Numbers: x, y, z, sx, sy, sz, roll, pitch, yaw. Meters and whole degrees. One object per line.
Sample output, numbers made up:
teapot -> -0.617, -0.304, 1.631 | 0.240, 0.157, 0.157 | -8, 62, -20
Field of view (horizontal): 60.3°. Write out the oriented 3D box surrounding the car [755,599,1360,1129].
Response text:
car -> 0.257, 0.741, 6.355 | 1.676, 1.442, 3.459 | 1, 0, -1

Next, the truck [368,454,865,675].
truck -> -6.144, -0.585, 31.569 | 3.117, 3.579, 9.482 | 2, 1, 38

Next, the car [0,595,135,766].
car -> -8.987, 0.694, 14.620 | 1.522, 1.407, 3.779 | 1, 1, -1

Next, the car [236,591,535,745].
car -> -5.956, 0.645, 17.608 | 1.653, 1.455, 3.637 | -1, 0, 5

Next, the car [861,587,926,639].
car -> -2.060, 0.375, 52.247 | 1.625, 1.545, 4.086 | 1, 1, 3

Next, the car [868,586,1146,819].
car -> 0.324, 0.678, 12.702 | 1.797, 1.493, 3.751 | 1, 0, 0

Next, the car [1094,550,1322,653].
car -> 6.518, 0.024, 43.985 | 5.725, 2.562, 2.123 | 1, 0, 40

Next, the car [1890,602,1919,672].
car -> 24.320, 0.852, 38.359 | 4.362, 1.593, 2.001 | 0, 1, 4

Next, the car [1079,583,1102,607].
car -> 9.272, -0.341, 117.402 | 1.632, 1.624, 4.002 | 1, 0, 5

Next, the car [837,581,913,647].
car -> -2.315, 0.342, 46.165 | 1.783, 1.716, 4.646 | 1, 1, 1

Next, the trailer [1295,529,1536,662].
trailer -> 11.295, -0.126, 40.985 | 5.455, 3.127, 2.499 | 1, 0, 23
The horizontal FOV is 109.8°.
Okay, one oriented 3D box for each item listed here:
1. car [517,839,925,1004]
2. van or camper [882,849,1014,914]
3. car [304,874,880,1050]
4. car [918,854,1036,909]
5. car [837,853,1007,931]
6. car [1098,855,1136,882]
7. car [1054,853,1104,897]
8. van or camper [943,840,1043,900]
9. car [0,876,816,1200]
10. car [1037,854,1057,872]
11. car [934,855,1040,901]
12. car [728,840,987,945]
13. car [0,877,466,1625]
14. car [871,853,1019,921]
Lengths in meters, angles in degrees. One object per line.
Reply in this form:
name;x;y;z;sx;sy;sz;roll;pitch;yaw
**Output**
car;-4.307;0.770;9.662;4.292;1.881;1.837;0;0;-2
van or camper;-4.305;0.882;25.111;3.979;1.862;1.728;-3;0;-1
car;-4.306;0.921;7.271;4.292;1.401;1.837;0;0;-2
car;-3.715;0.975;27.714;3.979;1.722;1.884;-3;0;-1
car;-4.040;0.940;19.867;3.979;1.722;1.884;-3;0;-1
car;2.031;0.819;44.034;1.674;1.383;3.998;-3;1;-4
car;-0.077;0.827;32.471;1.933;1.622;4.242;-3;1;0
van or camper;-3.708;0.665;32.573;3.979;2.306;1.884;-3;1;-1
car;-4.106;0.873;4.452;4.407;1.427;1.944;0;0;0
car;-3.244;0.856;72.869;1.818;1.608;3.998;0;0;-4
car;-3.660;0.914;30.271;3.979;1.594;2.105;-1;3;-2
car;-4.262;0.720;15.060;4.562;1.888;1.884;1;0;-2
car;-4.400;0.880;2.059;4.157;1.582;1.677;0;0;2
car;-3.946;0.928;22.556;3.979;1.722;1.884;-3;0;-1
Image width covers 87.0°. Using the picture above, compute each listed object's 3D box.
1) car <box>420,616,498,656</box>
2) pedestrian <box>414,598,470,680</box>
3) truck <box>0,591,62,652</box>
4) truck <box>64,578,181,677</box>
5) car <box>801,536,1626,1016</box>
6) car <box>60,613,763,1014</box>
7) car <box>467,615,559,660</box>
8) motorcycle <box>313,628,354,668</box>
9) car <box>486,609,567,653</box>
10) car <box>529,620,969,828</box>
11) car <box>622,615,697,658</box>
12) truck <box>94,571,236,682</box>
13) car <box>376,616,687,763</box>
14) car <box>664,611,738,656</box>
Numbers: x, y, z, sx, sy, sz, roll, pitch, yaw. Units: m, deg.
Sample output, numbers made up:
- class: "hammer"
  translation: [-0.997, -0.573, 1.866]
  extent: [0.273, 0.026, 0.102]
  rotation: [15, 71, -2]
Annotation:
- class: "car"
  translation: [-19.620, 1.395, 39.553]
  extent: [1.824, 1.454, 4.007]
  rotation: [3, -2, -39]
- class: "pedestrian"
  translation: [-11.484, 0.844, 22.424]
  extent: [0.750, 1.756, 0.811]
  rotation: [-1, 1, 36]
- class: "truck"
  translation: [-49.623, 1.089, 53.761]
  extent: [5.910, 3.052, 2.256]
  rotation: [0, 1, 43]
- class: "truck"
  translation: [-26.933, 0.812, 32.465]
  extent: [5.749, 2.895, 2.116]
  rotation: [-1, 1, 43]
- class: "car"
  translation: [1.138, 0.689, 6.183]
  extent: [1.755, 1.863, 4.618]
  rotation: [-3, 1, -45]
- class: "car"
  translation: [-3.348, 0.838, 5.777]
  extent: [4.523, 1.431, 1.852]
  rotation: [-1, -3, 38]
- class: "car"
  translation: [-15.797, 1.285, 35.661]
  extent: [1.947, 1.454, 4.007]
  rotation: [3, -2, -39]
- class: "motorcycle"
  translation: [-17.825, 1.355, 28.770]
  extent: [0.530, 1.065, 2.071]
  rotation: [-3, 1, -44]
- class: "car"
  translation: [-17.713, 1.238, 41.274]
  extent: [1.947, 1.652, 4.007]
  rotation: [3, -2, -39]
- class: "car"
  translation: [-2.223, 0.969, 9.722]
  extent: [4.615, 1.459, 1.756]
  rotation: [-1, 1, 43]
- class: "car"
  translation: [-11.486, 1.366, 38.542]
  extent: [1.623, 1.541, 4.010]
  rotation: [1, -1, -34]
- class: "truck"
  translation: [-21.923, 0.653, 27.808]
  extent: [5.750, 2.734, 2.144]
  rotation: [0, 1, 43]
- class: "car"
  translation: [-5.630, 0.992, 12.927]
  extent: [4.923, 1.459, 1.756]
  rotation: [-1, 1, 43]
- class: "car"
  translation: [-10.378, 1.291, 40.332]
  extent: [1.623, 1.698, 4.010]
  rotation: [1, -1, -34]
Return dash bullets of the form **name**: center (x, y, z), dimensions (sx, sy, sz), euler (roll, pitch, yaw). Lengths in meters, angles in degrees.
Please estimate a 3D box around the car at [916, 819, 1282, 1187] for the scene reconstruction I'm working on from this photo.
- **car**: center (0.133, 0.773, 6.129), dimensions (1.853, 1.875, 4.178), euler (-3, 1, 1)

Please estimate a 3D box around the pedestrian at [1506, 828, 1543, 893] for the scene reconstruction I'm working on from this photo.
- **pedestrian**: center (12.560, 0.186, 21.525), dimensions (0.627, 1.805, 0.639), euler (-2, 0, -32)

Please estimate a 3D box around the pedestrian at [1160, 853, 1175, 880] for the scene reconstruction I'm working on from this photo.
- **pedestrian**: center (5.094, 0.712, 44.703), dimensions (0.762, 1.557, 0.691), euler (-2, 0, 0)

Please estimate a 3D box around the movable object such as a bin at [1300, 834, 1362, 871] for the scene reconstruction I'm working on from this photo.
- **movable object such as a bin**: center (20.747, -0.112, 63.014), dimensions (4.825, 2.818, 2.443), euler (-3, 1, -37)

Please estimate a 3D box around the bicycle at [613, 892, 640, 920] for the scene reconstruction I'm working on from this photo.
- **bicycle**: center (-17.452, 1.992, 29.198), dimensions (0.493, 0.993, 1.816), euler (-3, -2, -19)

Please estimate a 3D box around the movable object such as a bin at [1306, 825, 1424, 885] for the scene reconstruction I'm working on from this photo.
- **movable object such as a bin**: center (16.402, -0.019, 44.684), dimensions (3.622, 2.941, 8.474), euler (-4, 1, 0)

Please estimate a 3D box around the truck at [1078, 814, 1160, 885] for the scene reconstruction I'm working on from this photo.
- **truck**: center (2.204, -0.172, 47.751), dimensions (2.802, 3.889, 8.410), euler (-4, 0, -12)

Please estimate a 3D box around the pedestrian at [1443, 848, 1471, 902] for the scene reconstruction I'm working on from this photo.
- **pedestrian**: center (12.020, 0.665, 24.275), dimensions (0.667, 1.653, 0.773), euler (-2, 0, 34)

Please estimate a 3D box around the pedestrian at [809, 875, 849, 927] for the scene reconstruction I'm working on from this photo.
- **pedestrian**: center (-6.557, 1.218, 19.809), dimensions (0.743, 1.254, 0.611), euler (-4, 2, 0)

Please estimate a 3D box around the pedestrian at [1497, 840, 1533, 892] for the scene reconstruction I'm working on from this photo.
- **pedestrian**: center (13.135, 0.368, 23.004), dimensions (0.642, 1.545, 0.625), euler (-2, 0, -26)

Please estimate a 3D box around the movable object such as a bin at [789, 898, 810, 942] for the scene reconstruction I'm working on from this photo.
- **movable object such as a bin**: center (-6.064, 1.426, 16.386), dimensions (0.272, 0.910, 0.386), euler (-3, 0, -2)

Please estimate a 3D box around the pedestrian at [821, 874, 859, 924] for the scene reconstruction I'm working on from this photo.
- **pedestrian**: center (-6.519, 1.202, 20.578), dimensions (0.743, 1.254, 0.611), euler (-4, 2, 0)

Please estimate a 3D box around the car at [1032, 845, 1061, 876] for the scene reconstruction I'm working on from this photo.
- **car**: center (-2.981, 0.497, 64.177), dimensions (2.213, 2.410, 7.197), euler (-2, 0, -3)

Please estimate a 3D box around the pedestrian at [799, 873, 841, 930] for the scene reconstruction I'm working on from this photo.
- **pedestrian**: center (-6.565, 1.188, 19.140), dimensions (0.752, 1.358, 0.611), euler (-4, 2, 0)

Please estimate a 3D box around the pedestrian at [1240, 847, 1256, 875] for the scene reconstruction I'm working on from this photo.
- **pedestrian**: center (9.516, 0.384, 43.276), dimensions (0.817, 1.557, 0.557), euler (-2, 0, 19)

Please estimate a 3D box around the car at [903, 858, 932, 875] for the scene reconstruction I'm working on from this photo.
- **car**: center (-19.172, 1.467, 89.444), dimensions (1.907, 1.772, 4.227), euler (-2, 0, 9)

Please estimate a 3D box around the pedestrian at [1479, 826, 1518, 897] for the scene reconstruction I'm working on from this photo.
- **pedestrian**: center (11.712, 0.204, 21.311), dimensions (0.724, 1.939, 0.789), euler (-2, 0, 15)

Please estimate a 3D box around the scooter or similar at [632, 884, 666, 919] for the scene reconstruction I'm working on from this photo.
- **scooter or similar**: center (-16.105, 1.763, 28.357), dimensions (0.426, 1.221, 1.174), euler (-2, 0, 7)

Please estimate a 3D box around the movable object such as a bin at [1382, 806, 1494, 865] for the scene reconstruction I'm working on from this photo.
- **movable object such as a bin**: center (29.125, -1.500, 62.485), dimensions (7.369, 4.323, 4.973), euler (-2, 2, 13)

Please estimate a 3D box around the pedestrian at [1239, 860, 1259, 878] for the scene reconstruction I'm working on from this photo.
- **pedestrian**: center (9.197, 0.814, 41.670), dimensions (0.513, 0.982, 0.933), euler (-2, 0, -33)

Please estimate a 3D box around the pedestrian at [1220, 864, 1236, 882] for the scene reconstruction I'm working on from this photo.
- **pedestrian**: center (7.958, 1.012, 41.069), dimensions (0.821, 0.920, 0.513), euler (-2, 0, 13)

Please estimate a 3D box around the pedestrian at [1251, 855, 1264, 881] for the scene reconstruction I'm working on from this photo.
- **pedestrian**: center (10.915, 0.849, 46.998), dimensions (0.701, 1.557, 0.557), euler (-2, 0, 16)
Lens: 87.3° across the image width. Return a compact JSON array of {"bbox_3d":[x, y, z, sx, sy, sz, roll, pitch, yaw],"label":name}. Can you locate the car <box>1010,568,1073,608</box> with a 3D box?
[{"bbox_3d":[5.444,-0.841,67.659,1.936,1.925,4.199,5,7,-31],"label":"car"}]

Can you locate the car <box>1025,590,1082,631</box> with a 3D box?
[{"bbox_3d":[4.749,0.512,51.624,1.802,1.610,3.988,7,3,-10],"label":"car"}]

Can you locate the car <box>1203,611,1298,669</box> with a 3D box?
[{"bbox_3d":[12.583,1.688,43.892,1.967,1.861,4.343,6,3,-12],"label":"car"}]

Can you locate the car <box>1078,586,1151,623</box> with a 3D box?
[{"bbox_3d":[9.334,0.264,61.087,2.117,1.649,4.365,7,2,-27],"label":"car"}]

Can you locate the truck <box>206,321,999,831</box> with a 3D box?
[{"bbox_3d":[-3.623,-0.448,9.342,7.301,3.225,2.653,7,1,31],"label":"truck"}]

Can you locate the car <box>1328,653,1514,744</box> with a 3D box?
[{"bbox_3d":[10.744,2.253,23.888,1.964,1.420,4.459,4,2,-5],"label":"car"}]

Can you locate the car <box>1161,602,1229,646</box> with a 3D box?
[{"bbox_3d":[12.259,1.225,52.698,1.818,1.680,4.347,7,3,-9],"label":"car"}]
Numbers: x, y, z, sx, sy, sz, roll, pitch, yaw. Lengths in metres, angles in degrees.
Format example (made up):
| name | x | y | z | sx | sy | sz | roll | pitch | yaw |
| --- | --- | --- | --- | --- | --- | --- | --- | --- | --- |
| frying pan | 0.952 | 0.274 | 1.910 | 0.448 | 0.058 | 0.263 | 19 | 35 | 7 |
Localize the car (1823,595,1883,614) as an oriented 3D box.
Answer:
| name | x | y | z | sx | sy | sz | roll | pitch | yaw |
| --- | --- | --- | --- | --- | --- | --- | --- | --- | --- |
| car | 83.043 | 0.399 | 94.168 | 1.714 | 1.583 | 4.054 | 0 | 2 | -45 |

Task brief
Once the line with "14) car <box>664,611,738,656</box>" is found in the records above, print exactly that line and every line after it through the line with "rotation: [15, 71, -2]".

Written response
14) car <box>664,611,738,656</box>
Numbers: x, y, z, sx, sy, sz, roll, pitch, yaw. Units: m, deg.
Sample output, numbers made up:
- class: "hammer"
  translation: [-0.997, -0.573, 1.866]
  extent: [0.273, 0.026, 0.102]
  rotation: [15, 71, -2]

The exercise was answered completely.